IBM, Microsoft, and Google have been the pacesetters in quantum computing in recent months. From the controversial 'quantum supremacy' to the proof that shallow quantum circuits perform exponentially better, the realm of quantum computing has been rife with activity. Now, Intel is also joining the ranks and the firm's approach is considerably distinct.
Today, Intel unveiled Horse Ridge, a first-of-its-kind, highly integrated cryogenic (operating at temperatures about 4 Kelvin) SoC that is geared towards speeding up the development of full-stack quantum computers. Horse Ridge, named after one of the coldest regions in Oregon, will reduce the complexity of controlling and managing quantum circuits. And it was made using Intel's 22nm FinFET technology in collaboration with Intel’s research partners at QuTech.
Horse Ridge will be targeting what Intel believes to be a major obstacle in the road towards commercially viable quantum computing—control electronics and interconnections.
Horse Ridge is a highly integrated, mixed-signal SoC that brings the qubit controls into the quantum refrigerator — as close as possible to the qubits themselves. It effectively reduces the complexity of quantum control engineering from hundreds of cables running into and out of a refrigerator to a single, unified package operating near the quantum device.
The SoC will act as a radio frequency processor and thereby simplify the control of multiple qubits inside the cryogenic refrigerator.

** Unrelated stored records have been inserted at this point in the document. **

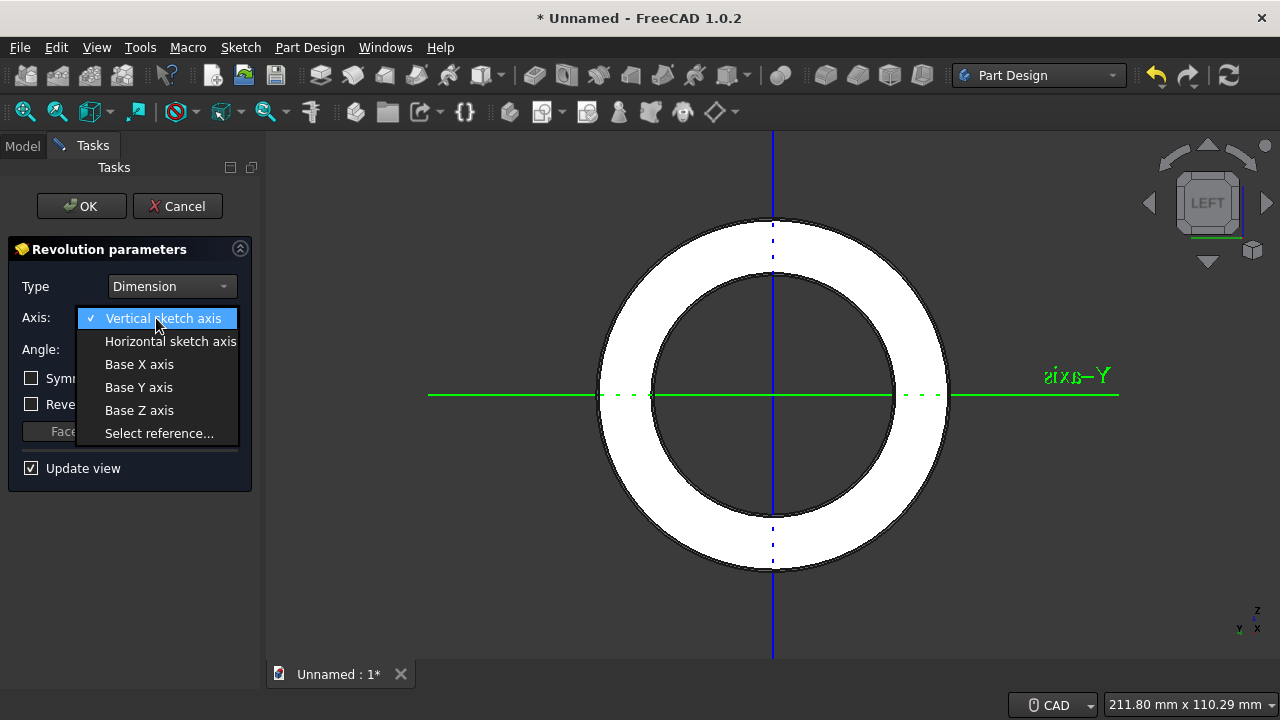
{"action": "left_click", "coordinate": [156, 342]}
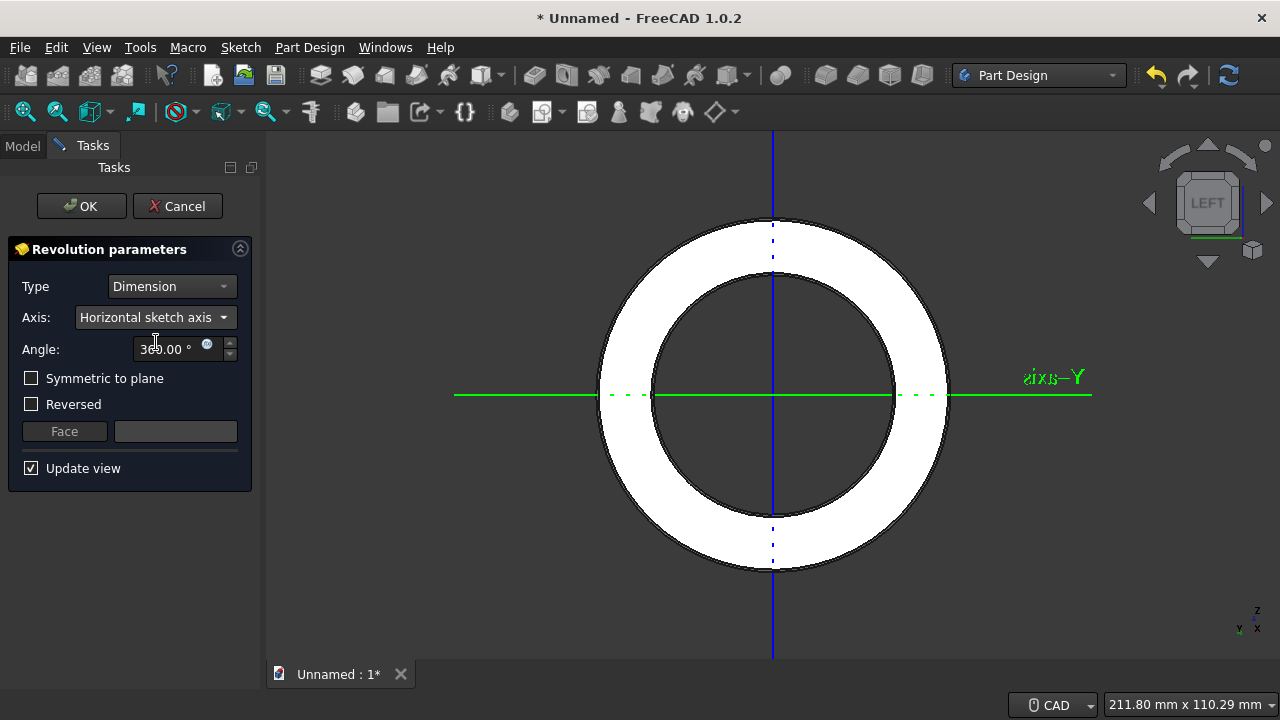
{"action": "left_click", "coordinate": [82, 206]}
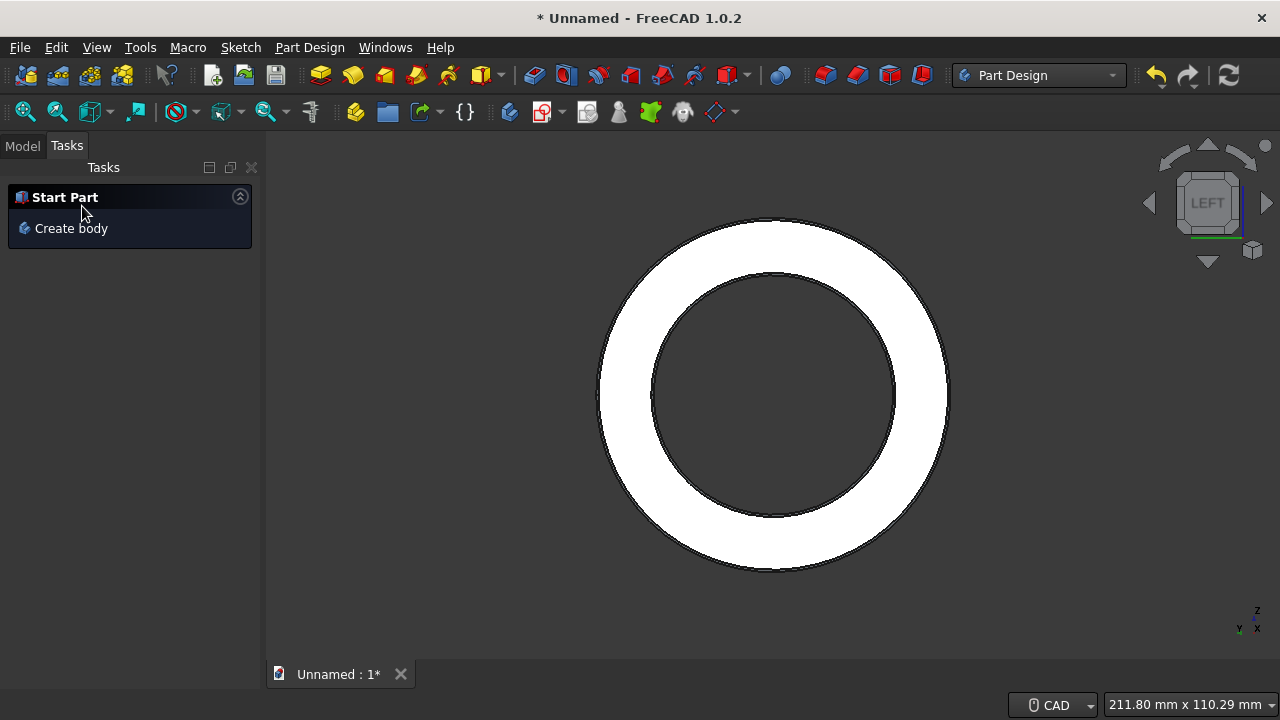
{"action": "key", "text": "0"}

Horse Ridge is programmed with instructions that correspond to basic qubit operations. It translates those instructions into electromagnetic microwave pulses that can manipulate the state of the qubits.
Horse Ridge, Intel believes, will help in the firm's development of silicon spin qubit and superconducting qubit systems.
This feat is particularly exciting as Intel progresses its research into silicon spin qubits, which have the potential to operate at slightly higher temperatures than current quantum systems require.
Currently, a vital component of a quantum computer is a refrigerator which keeps the qubits operating at temperatures tantalizingly close to absolute zero (0 Kelvin). But silicon spin qubits, which Intel is working on, have certain properties that can allow them to run at temperatures close to 1 Kelvin.
So Intel's aim with Horse Ridge is to operate cryogenic controls and silicon spin qubits at the same temperature as that will mark a step towards reducing the refrigeration needs for quantum computers. Consequently, this would be a step in the right direction to deal with one of the biggest hindrances in making quantum computing commercially viable.